Running advice from a 93-year old man…
The advice is, “Don’t do it!”
Yes, I did laugh… even though he referred to me in that older woman way, “Ma’am.” But after all, I’m no spring chicken, and Ma’am has a certain maturity about it.
So today, my L-O-N-G run training backed down to 12 miles. I set out in a misty rainfall at around 8:30 or so in the morning and ran past the studly bulls Conrad and Pomeroy on my way around beautiful Colt State Park. My first 6 miles were magnificent. Steady. Taking it easy. Enjoying the mist over Narragansett Bay.

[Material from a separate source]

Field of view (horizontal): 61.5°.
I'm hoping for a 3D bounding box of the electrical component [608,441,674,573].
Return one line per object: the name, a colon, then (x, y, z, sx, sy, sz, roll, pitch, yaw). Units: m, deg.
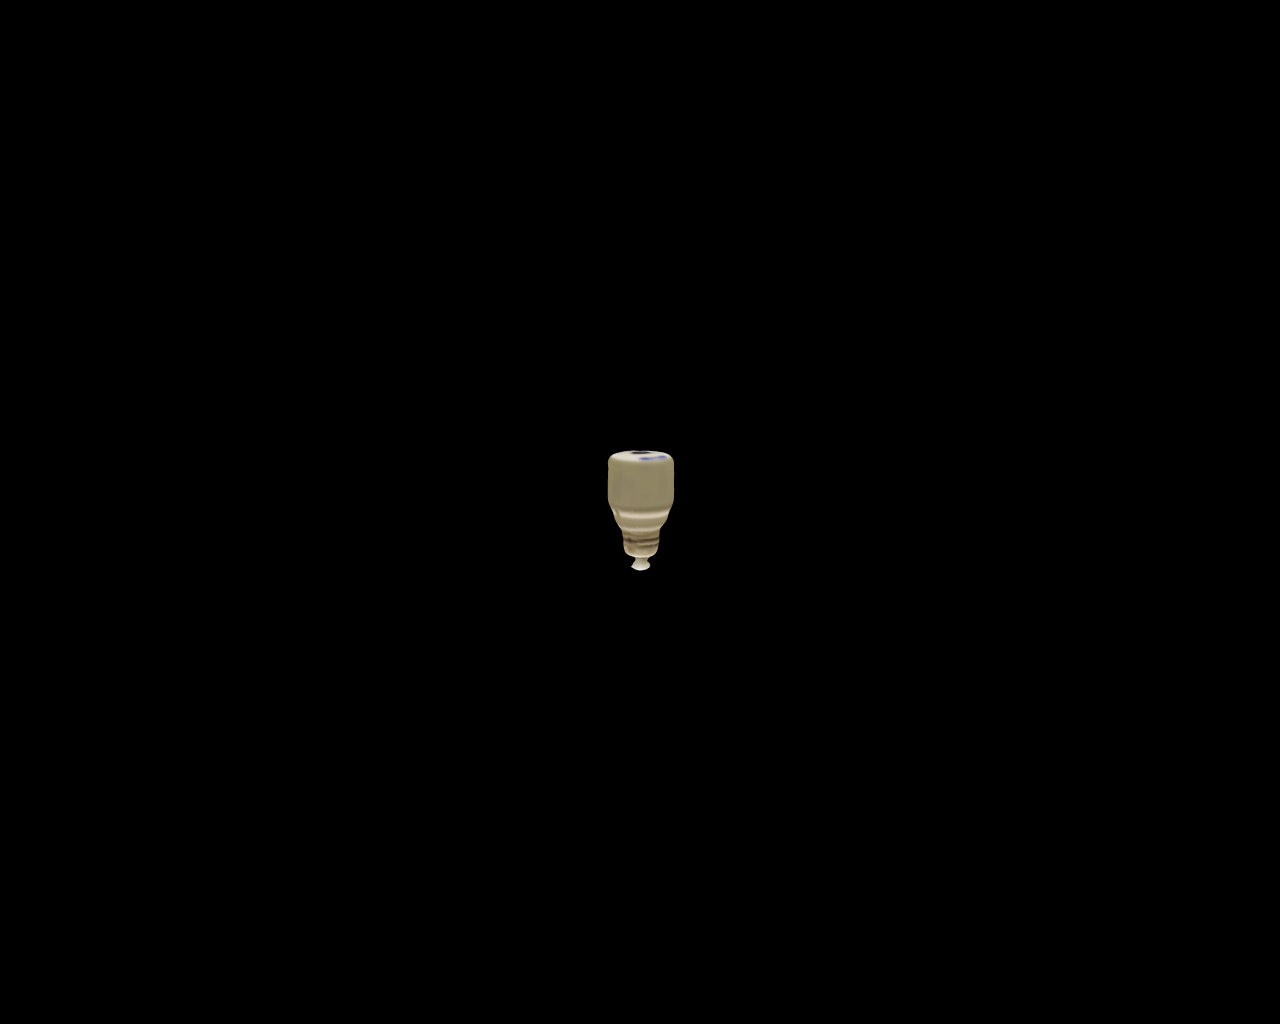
electrical component: (0.001, -0.003, 0.650, 0.040, 0.078, 0.040, 0, 12, 0)

I decided to run the rest of the training around my lovely little town of Bristol, RI. I ran up and down several streets, trying to utilize hills when I could muster the energy.
At about Mile 8 (just when I “met” the nice police officer last week… and what is it about Mile 8, anyway – Renee Ross & Lorraine Sanabria Robertson?), I stopped to stretch out a little cramp. I had my arms on the trunk of a nice, big tree, stretching out one leg at a time.
Suddenly, from behind me, I heard a little, old man voice calling, “Young lady? Young lady?
Well, I thought, he certainly can’t be talking to me.
But the voice persisted, “Young lady?”
I turned around to see a little old guy in a little old blue car… and yes, he was talking to me.
He yelled out, “I hope you’re not walking. Walking is bad for you.”
I looked around to make sure he was talking to me.
I approached the little old man in the little blue car with its open window. I didn’t have the heart to say, “No, I’m running,” because I had a pretty good feeling where this conversation was headed.
He continued, “My wife used to walk all the time and now she can hardly get out of bed. I’m 93. Do I look 93? I can still walk because I didn’t do all that walking.”
I didn’t lie. I said, “No, I’m not walking. And I did lie when I said, “No, you don’t look 93!”
(And I thought, your wife may be 93, too, and infirmed, and maybe that’s why she can’t get out of bed.)
But he was so happy to be passing along his life’s wisdom that I don’t think the little white lie will hurt my chances at Heaven.
Then he went there. “You’re not RUNNING, are you? Running is bad,” he said, making direct eye contact.
Um. “No,” I lied as I stood there in the middle of the street talking to this sweet old guy in the little blue car with the open window… me wearing a little tank top and little shorts, in running shoes and socks, my cell phone on Endomondo charting my run and a headset blaring light rock tunes…
Thinking… thinking. Um. I always go out like this to just BE.
Finally satisfied that I was neither walking nor running, he said, “Good!” and put his foot on the accelerator of his little blue car. I watched him go all the way down Franklin Street and turn left on High Street before I dared move an inch.
Then I began running again, actually feeling a little guilty… and a teeny bit fearful that he would come back around to check on me.